The solution was to use match to evaluate $r once and create a binding r that could be used in both places:

macro_rules! s(
    // ...
    (@parse $dim:expr, [$($stack:tt)*] $r:expr;$s:expr, $($t:tt)*) => {
        match $r {
            r => {
                s![@parse
                   $crate::SliceNextDim::next_dim(&r, $dim),
                   [$($stack)* s!(@convert r, $s),]
                   $($t)*
                ]
            }
        }
    };
    // ...
);

This illustrates an important difference between function arguments and macro expression arguments. If you need to use the value of an expression in multiple places in a macro, you have to be careful not to accidentally evaluate the expression multiple times.

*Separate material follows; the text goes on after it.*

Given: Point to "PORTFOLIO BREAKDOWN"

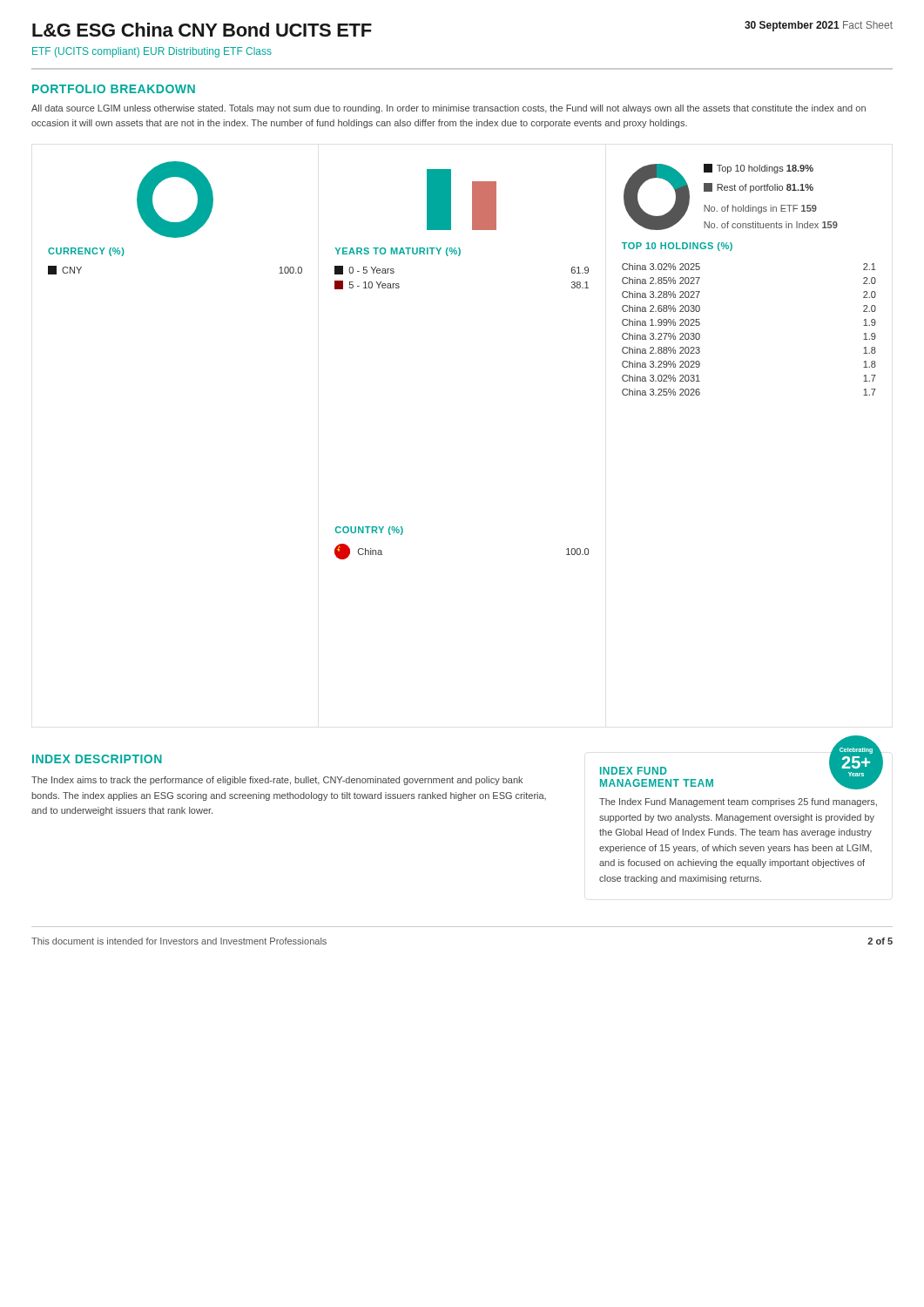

When using a macro that acts like a function (e.g. s![] or vec![]), it’s easy to ignore that the macro call is really an expansion into an expression, not a function call. This is usually okay when calling macros, but it’s important to keep the difference in mind when writing macros.

Note that the solution uses match $r { r => expr } instead of { let r = $r; expr } because match preserves temporary objects created in $r for the entire body. Thanks to bluss for pointing this out. For example,

// error
{
    let r = vec![1, 2, 3].iter();
    r.count()
};

// ok
match vec![1, 2, 3].iter() {
    r => {
        r.count()
    }
};

Conclusion

Implementing the combined slicing and subviews feature in ndarray 0.11 was a lot of fun and a great learning experience. There were a few important lessons:

Macros and traits are a surprisingly powerful combination for doing complex things at compile time. For example, the s![] macro is able to determine at compile time the output dimension of the sliced array/view from the number and types of its arguments.
Keep in mind low-level solutions to problems. Rust is a safe, high-level language, so it’s easy to forget what’s actually happening under-the-hood. In some cases, low-level solutions such as pointer casts are a simple way to work around high-level limitations.
Be careful not to treat macro arguments the same as function arguments, even if the macro looks a lot like a function. If you’re using an expression in two places and don’t want it to be evaluated twice, use match to evaluate it and create a binding, and then use that binding.